TASK STATEMENT —
Please state how many lines in the records that follow include "listed", with no other output.

EXTRACTED DATA —
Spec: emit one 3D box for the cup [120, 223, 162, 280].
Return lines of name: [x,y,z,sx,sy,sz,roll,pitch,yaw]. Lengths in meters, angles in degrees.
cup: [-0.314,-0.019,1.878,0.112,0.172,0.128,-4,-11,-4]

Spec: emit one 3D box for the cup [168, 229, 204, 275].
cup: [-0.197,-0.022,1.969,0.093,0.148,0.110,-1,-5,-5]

---

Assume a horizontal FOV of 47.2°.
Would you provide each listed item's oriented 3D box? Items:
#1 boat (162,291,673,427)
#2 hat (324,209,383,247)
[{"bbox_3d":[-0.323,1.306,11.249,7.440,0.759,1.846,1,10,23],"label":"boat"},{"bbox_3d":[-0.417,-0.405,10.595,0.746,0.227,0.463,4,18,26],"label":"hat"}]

* * *

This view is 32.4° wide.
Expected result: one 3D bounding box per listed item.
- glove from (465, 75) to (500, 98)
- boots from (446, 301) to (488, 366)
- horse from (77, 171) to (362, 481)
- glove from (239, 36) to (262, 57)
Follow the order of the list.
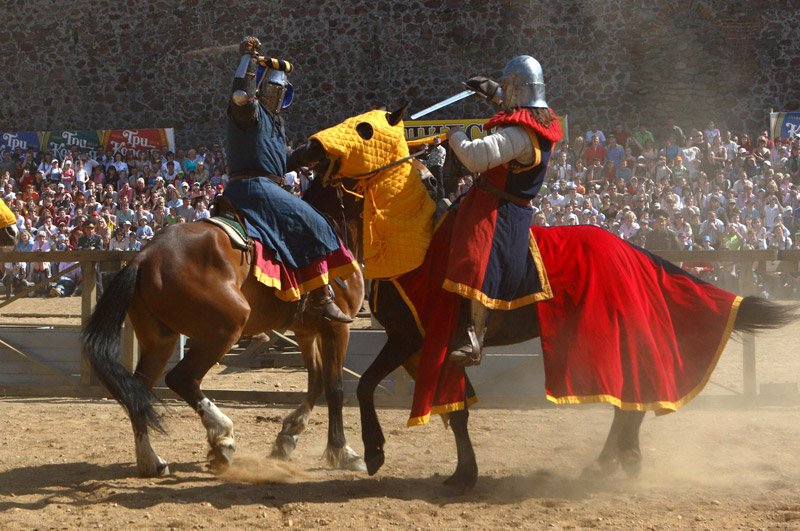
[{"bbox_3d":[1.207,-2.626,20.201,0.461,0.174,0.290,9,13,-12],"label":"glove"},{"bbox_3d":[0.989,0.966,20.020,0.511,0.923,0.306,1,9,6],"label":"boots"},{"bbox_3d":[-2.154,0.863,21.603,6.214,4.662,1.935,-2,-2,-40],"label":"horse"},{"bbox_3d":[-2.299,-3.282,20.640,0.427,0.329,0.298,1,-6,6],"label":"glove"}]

ANSWER SPACE —
2